Девушка посмотрела на меня с легкой жалостью:
– Прошу прощения, мисс, но вы приехали сюда в этом самом плаще. И посмотрите… – Она положила чемодан на кровать и открыла крышку. – Вот эту шаль, мисс, вы вчера попросили меня достать, когда озябли ввечеру.
Служанка вынула голубую шерстяную шаль – такую, какую я бы сама выбрала, – и накинула мне на плечи. Я оцепенело наблюдала, как она открывает платяной шкаф и начинает разбирать чемодан, – под ручкой на нем я увидела вытисненные золотом инициалы «Л. Э.», поблекшие от времени. Все предметы одежды, которые Белла доставала, были совершенно в моем вкусе, словно я самолично их покупала, но все они принадлежали не мне. Мне вдруг пришло в голову, что весь мой собственный гардероб уместился бы в чемодане примерно такого размера.
– Подождите! – спохватилась я. – Я здесь долго не задержусь. Я уеду обратно в Лондон, как только…
Я осеклась; сумбур в голове внезапно улегся, и мысли прояснились. Зачем мне, спрашивается, ждать ответа на телеграмму доктора Стрейкера? Он сказал, что я добровольная пациентка, и независимо от того, с чего и почему меня здесь приняли за Люси Эштон, даже независимо от того, что случилось с моей памятью, – чем раньше я вернусь в Лондон, тем лучше.
– На самом деле, – твердо произнесла я, – я хочу уехать немедленно. Будьте так добры, помогите мне одеться и…
– Мне очень жаль, мисс, но я не могу, без разрешения доктора никак нельзя. – У нее был напевный провинциальный говорок, который при других обстоятельствах я сочла бы приятным для слуха.

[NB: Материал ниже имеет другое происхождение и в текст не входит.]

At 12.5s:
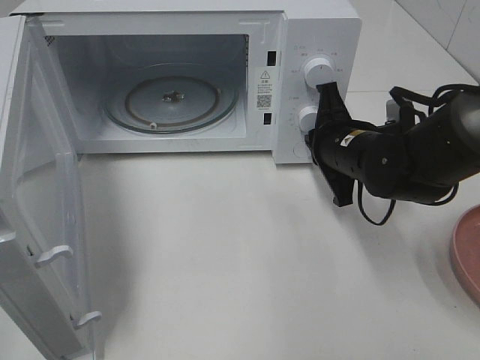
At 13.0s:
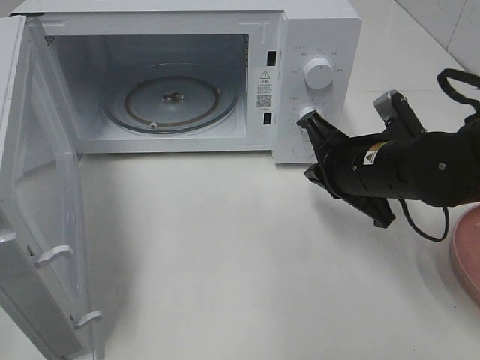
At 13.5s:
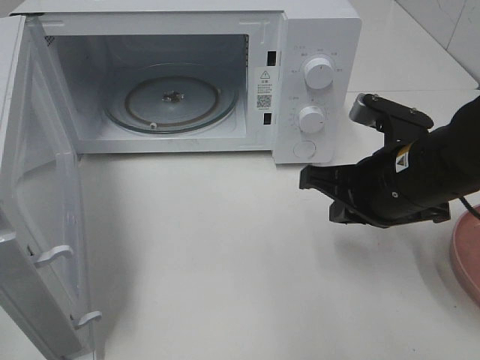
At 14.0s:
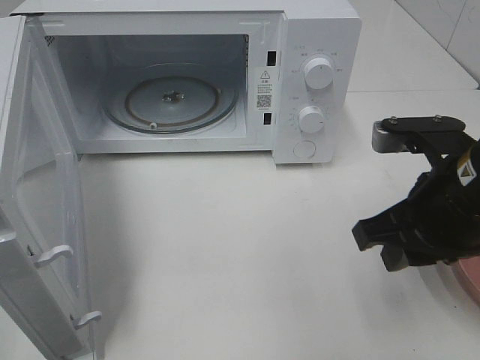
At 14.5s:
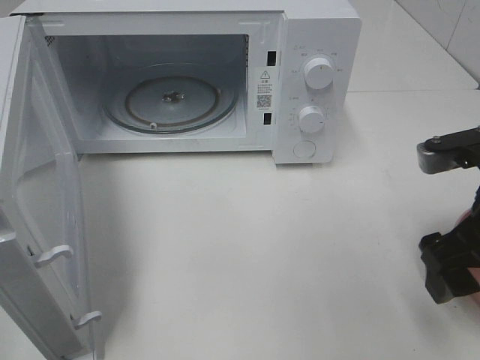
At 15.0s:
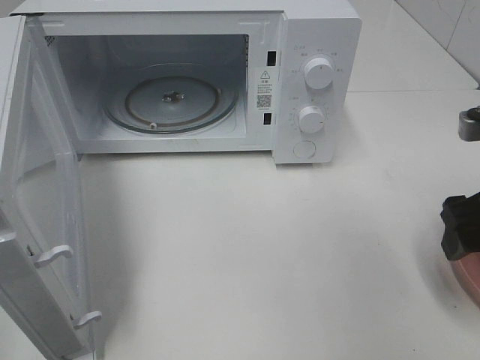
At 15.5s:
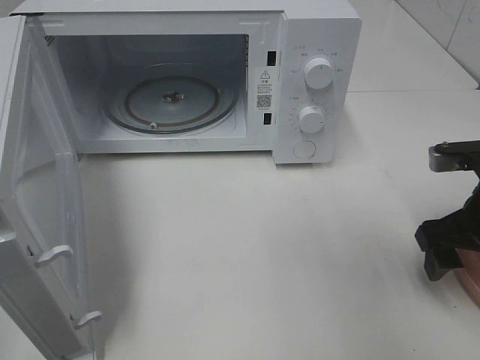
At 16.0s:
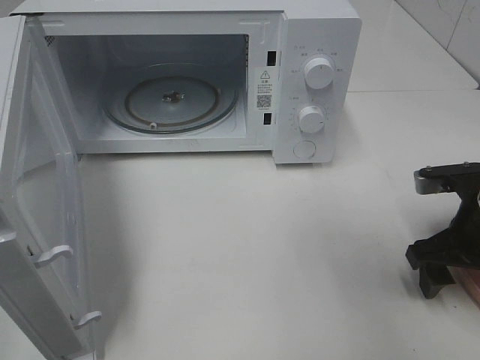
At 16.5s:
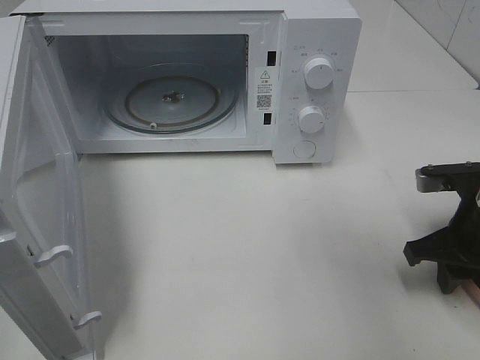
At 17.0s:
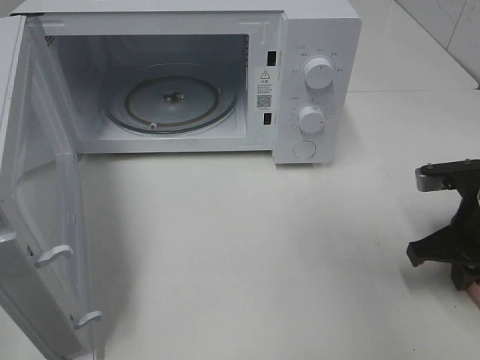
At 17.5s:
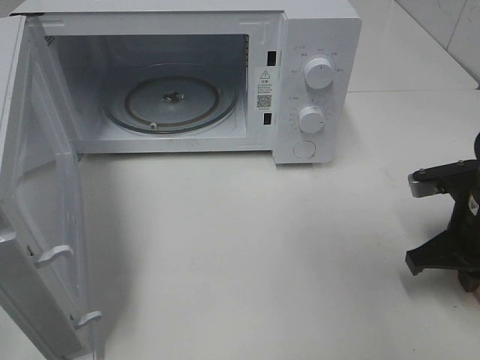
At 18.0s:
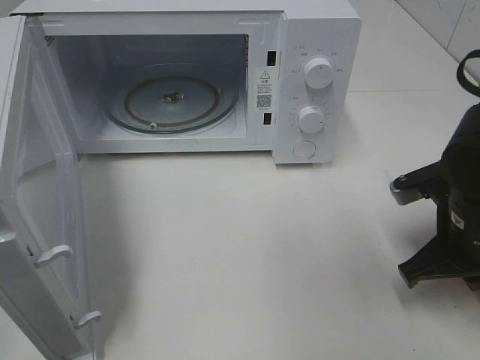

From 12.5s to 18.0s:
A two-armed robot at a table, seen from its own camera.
Task of the whole recording: Heat the burger.
Step, from 13.0s to 16.5s: Right hand: grab the plate with the hamburger.
From 12.5s to 14.5s: The right gripper heads backward, to the right and upward, covering approximately 20 cm, and opens up.
From 14.5s to 16.0s: The right gripper heads downward and forward, covering some 10 cm.
From 16.0s to 18.0s: The right gripper closes its fingers.

– Тогда я сама оденусь. Пожалуйста, сейчас же пойдите разыщите доктора Стрейкера и попросите его распорядиться насчет… – Я собиралась сказать «кеба». – Насчет транспортного средства, чтобы довезти меня до ближайшей железнодорожной станции. Вы же понимаете, – добавила я, слыша предательскую дрожь в своем голосе, – я здесь добровольная пациентка.
– Слушаюсь, мисс, будет сделано. Только прошу вас, мисс, доктор велел вам оставаться в постели.

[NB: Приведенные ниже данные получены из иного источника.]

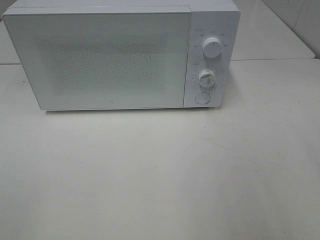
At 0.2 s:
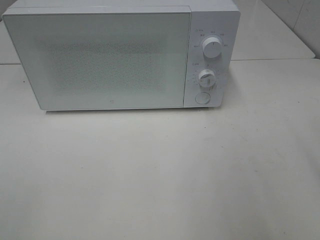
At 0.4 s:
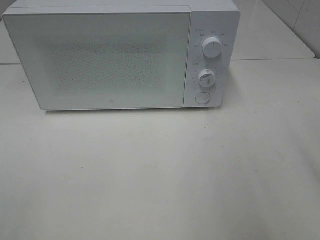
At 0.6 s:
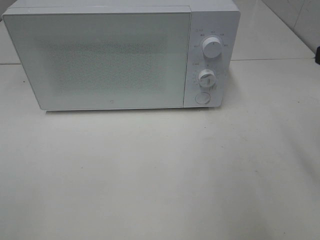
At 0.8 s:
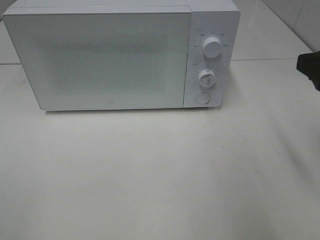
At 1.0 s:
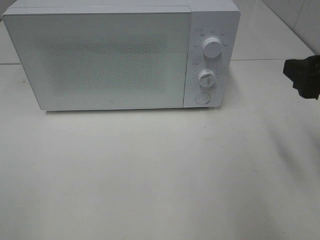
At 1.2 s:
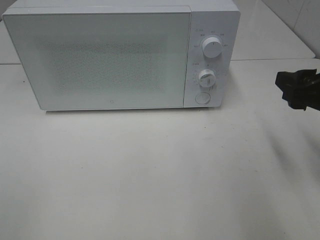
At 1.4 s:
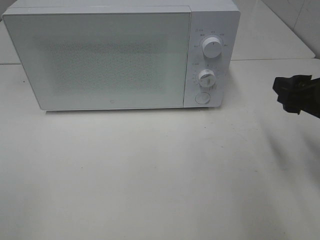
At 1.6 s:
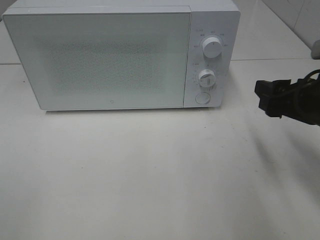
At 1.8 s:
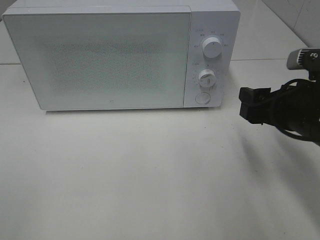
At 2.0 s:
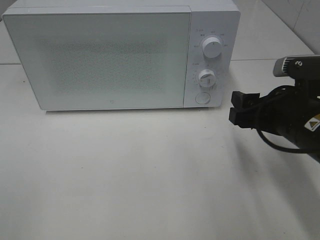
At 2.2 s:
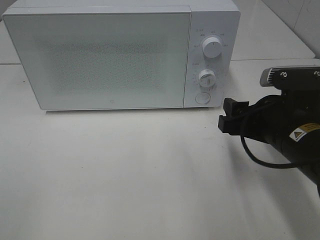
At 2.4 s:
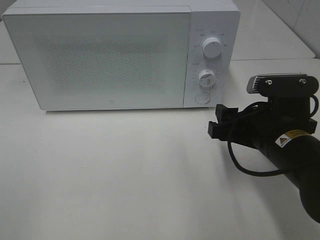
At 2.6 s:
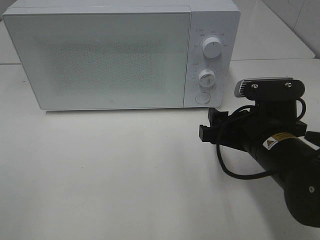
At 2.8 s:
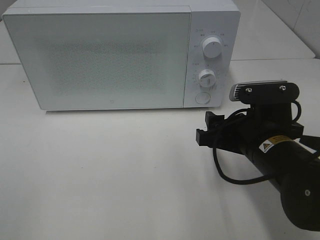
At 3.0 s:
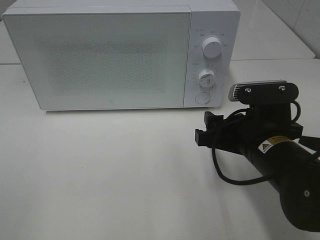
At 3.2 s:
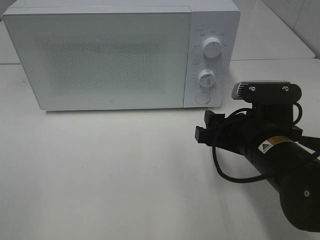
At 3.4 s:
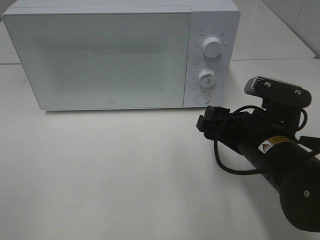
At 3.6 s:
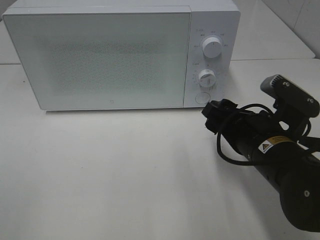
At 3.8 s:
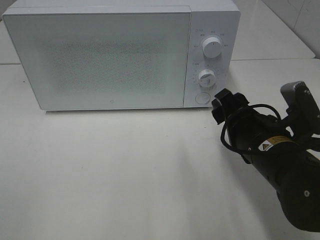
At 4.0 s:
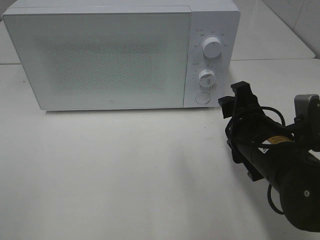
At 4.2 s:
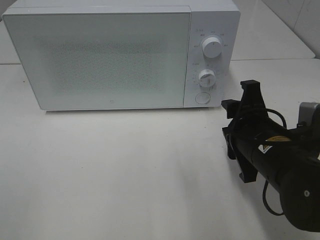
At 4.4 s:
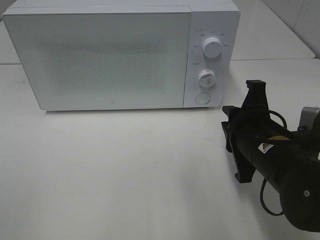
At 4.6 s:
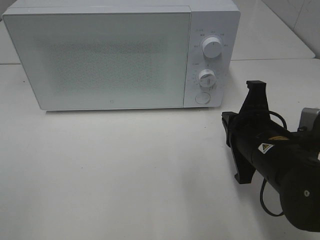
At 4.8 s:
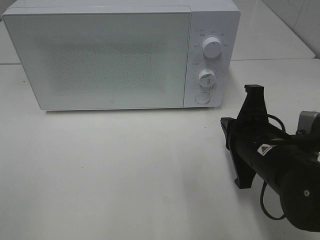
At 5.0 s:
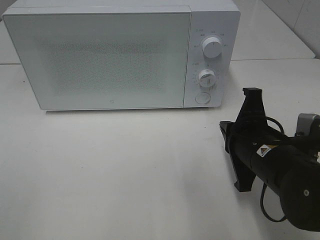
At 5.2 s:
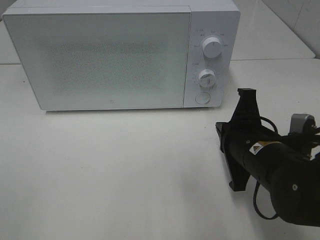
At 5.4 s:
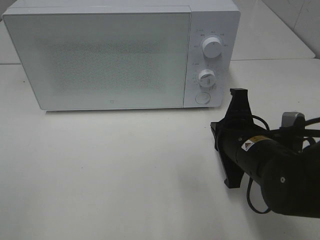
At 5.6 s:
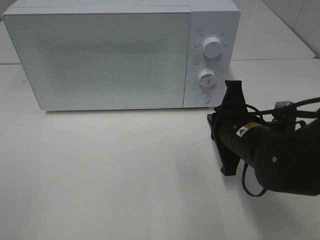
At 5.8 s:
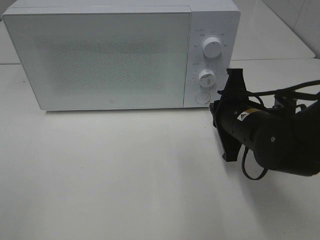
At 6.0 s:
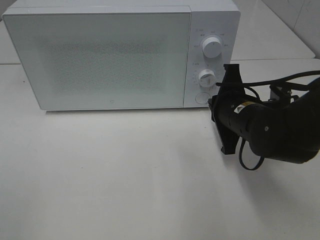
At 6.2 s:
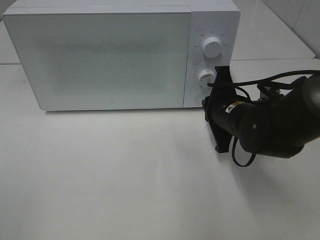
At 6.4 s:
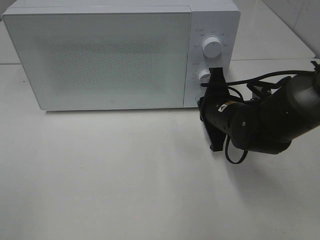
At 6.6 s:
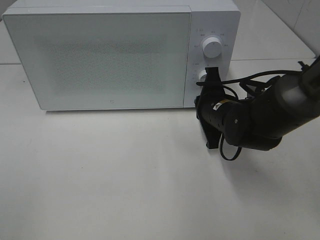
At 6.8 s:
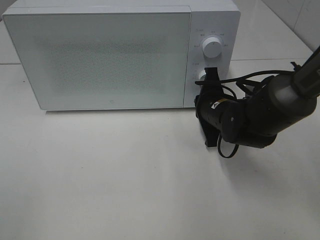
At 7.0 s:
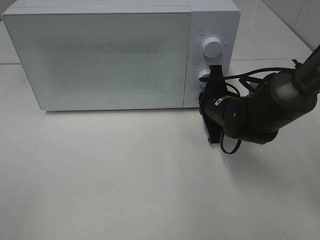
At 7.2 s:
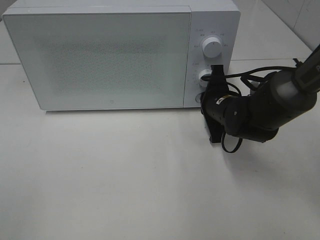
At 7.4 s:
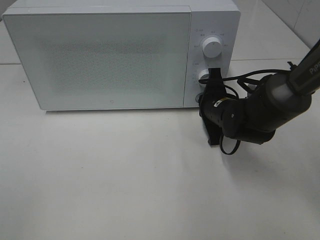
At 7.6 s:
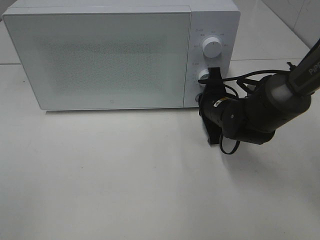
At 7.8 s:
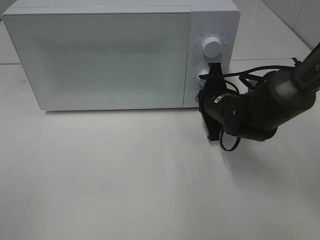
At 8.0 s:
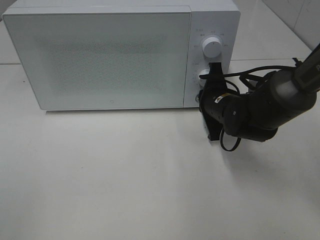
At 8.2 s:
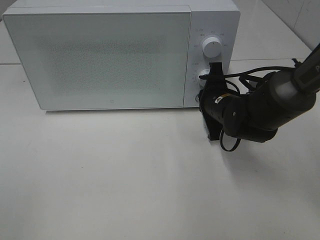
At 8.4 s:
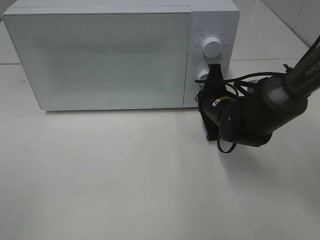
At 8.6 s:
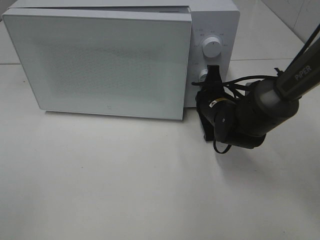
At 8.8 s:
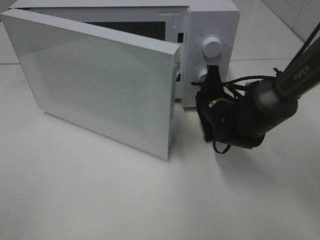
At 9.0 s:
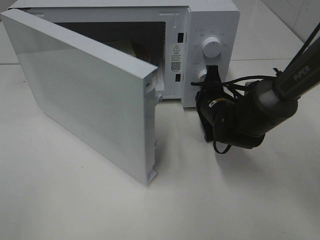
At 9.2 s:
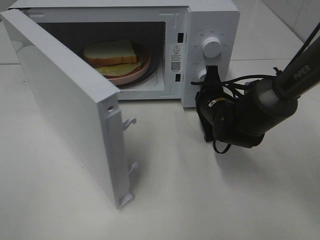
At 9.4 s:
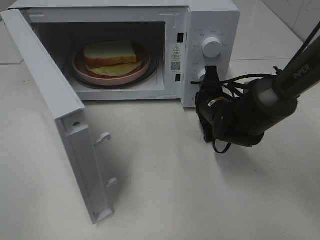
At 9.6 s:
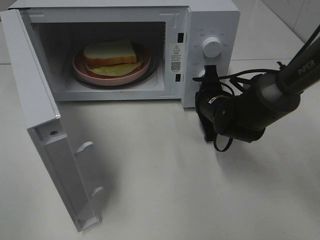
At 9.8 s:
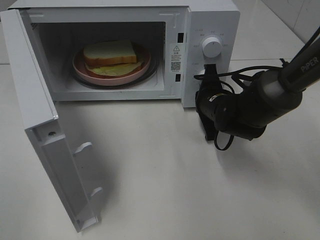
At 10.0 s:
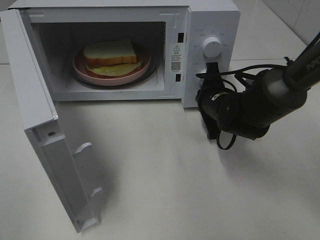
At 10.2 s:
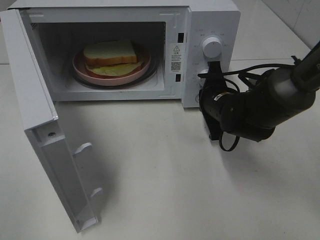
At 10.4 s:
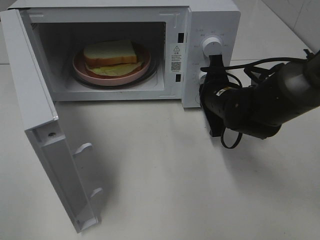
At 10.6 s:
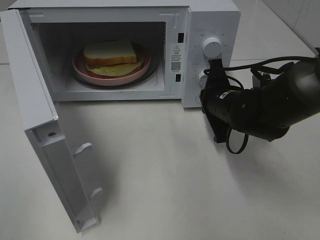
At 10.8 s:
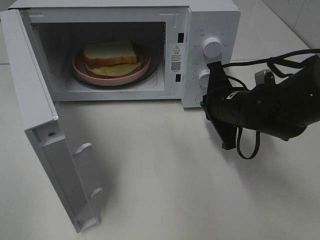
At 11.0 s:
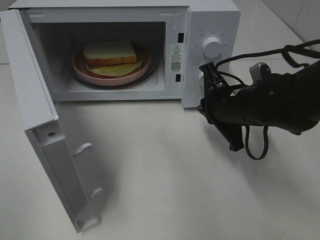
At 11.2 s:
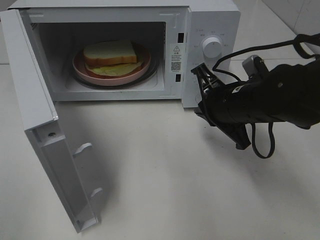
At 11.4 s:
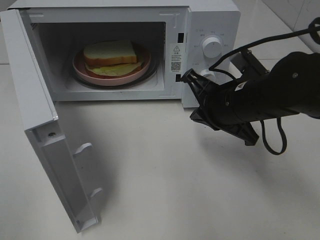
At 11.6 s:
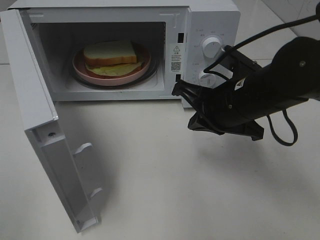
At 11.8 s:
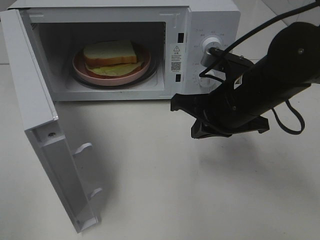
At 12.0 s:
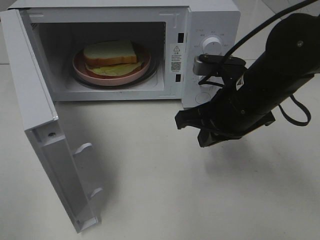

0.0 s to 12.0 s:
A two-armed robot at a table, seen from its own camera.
Task of the whole recording: Heat Sandwich.
Step, 0.0 to 10.4 s: Right hand: press the switch.
0.0 to 1.6 s: The right gripper travels downward and forward by about 15 cm.
1.6 to 3.0 s: The right gripper moves to the left and downward, about 10 cm.
3.0 to 4.4 s: The right gripper closes.
4.4 to 6.0 s: The right gripper moves forward, about 10 cm.
6.0 to 7.6 s: The right gripper travels forward by approximately 5 cm.
10.4 to 12.0 s: The right gripper shifts about 10 cm backward and upward.

Белла торопливо вышла, затворив за собой дверь. Я выскользнула из постели, внезапно испугавшись, уж не заперла ли она меня на замок. Но дверь легко отворилась – в обшитый темными панелями коридор, где не было видно ни души, кроме удаляющейся Беллы.
Я закрыла дверь и приблизилась к шкафу. Вкус в одежде у Люси Эштон почти полностью совпадал с моим: она тоже предпочитала артистический стиль; ее голубое дорожное платье из шерсти было копией моего серого, и, когда я приложила его к себе, даже без зеркала стало ясно, что оно мне в самый раз. Даже метки для прачечной в точности походили на мои: маленькие хлопчатые ярлычки, пристеганные к подкладке, с аккуратно вышитыми на них голубыми буковками «Л. Э.». Если бы мне предложили экипироваться для путешествия, я не смогла бы сделать лучшего выбора.
Я снова невольно возвратилась к мысли, что Люси Эштон не иначе мой двойник, а потом опять сообразила, что это никоим образом не объясняет, почему я нахожусь здесь. Я предприняла очередную отчаянную попытку пронизать умственным взором черный провал в памяти, но немного погодя одно обстоятельство вернуло меня к сиюминутной действительности: я вдруг осознала, что в чемодане Люси Эштон нет ни кошелька, ни ювелирных украшений, ни колец, ни денег.
Недоставало там и еще двух вещей (хотя оно и понятно, ведь чемодан-то был не мой): доставшейся мне от матушки броши, с которой я никогда не расставалась, и подаренного тетушкой бювара, где хранился мой дневник, который я вела с шестнадцати лет. Бювар представлял собой портфельчик четвертного формата из мягкой голубой кожи, с двумя золотыми застежками и замочком – ключ от него я всегда носила на серебряной цепочке на шее, но сейчас его при мне не было.